Не смеялись только Илисие и Ирина. Макавей требовательно взмахнул рукой, смех прекратился, и старик снова заговорил:

— Сделать-то мы сделаем. И Илисие приложит свои силы, и от него польза будет. Пройдет немного времени, и на Дупэтэу и Гургуе будет расти густая трава для тонкорунных овец самой лучшей породы…

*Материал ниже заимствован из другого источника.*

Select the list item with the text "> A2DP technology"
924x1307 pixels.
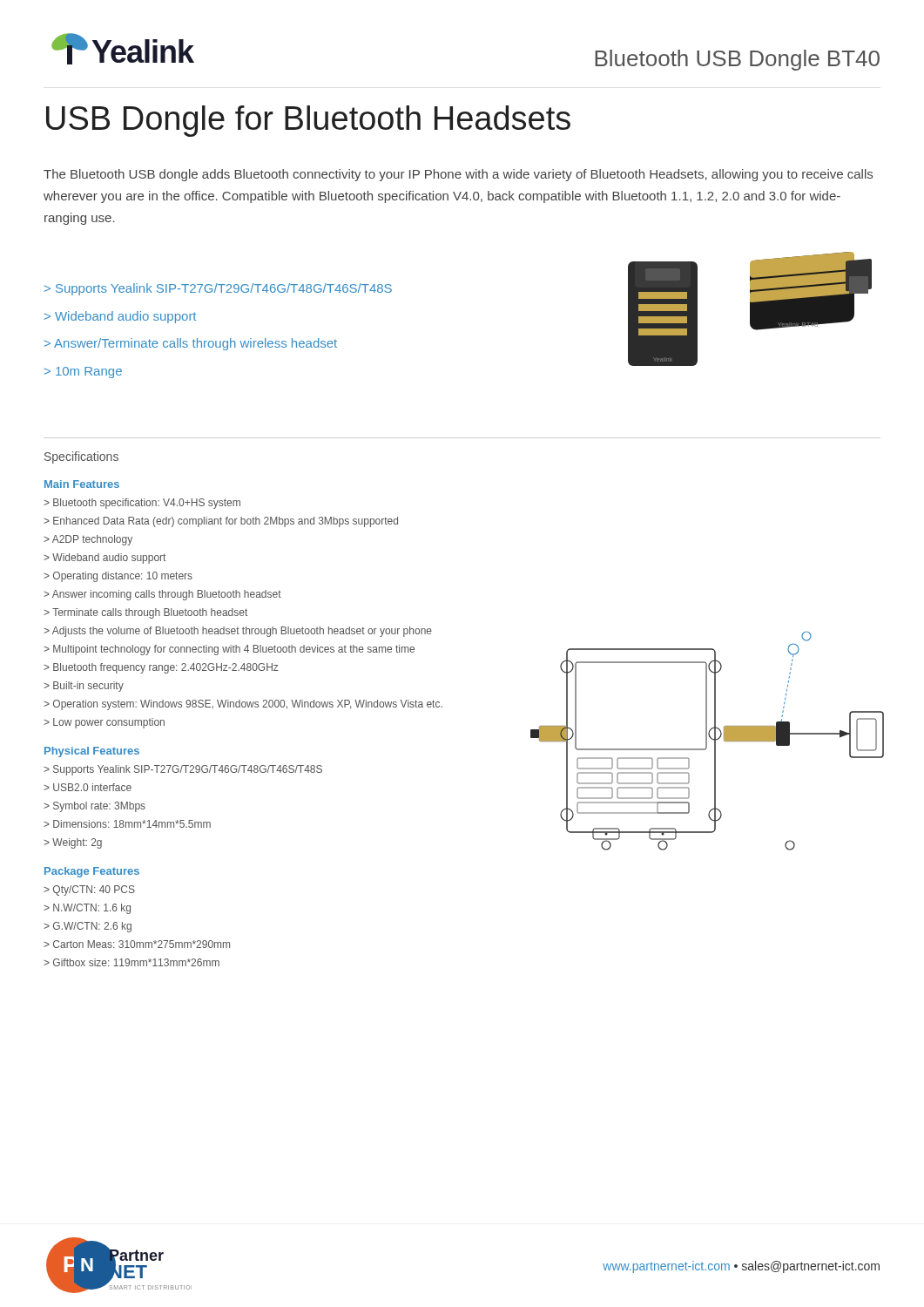(x=88, y=539)

— Густая трава на Гургуе? — удивленно улыбнулся Ион Пашка. Затем он обернулся к своему брату. — Слышь ты? На Гургуе, где один чертополох, и вдруг — густая трава…

— Если не понимаешь в агротехнике, лучше помолчи. Мы посеем многолетние травы. Понятно? Слыхали вы о многолетних травах? Не слыхали. Вот я и говорю: не смыслите в агротехнике, и не суйтесь. Да будет вам известно, что при социализме только по агротехнике будем работать. И Подлесье всё засеем. Лес вырастим.

— Вот это мне нравится, — проговорил Никулае Томуца. — Лес подойдет прямо к изгороди: утречком встанешь, слышно, как дрозд насвистывает.

— Верно. А в долине насадим виноградников и садов.

— И вино будем делать! — опять выскочил Илисие. Он уже забыл, как его высмеяли.

— Будем. Только сначала надо произвести культурную революцию. Иначе дело не пойдет. Без культуры ты дурак, а дураку довольно и того, что бог пошлет. Он за новую жизнь не бьется. А если не бьешься за новую жизнь, так и останешься бедняком горемычным…

Ана слушала эти разговоры и удивлялась. Люди все начинают понимать по-новому. В их словах она слышит ответы на свои собственные сомнения и колебания. «Так и нужно, чтобы не было больше бедности, — думала она, глядя на Мариуку победоносно сияющими глазами. — Я буду делать большое, трудное, но полезное дело. Культура, культурная революция!» Ее суховатое смуглое лицо расплывалось в горделивой улыбке. «Культура, — думала она, — это как соль, без нее не проживешь». Ей не терпелось скорее сказать, как она рада, что поняла это. «А что я скажу? — спросила она себя. — Не знаю, скажу, что…»

— Если не постигнешь культуру, — продолжал рассуждать Макавей, — ничего понимать не будешь. Например, есть еще в Ниме такие, как твой отец, Георгишор…

— А что отец? — вскинулся парень, и в глазах его блеснули злые огоньки.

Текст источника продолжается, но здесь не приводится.